This exercise calls for the line with "107, 131, 168]", the line with "126, 189, 192]", and all lines between them in the material below, output exactly and with no other lines.
Segment Start: Task input
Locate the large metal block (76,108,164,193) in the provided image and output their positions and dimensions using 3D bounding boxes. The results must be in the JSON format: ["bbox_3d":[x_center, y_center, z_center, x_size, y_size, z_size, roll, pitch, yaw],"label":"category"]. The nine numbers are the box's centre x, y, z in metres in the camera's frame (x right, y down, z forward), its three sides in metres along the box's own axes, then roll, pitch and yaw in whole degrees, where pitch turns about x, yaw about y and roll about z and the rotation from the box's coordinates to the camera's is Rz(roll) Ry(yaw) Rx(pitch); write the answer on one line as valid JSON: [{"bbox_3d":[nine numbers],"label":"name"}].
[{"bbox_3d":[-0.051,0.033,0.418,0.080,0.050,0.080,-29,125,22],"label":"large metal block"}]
Segment End: Task input
Segment Start: Task input
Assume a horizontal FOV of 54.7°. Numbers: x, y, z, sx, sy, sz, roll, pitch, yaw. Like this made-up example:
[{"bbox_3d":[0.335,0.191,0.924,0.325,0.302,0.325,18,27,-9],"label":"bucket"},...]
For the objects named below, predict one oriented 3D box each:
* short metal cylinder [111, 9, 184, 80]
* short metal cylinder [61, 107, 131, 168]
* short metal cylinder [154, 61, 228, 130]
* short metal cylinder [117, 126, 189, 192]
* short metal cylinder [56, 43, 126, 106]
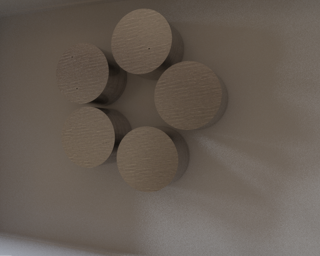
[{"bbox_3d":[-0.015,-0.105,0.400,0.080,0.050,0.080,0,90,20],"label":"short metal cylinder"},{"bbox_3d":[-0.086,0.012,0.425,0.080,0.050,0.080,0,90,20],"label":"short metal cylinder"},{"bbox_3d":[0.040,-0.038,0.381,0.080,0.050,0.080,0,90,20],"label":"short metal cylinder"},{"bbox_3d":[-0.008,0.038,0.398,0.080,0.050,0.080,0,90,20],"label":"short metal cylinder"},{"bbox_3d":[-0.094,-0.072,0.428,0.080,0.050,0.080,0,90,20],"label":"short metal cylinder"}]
Segment End: Task input
◆ Response box ◆
* short metal cylinder [61, 107, 131, 168]
* short metal cylinder [154, 61, 228, 130]
* short metal cylinder [117, 126, 189, 192]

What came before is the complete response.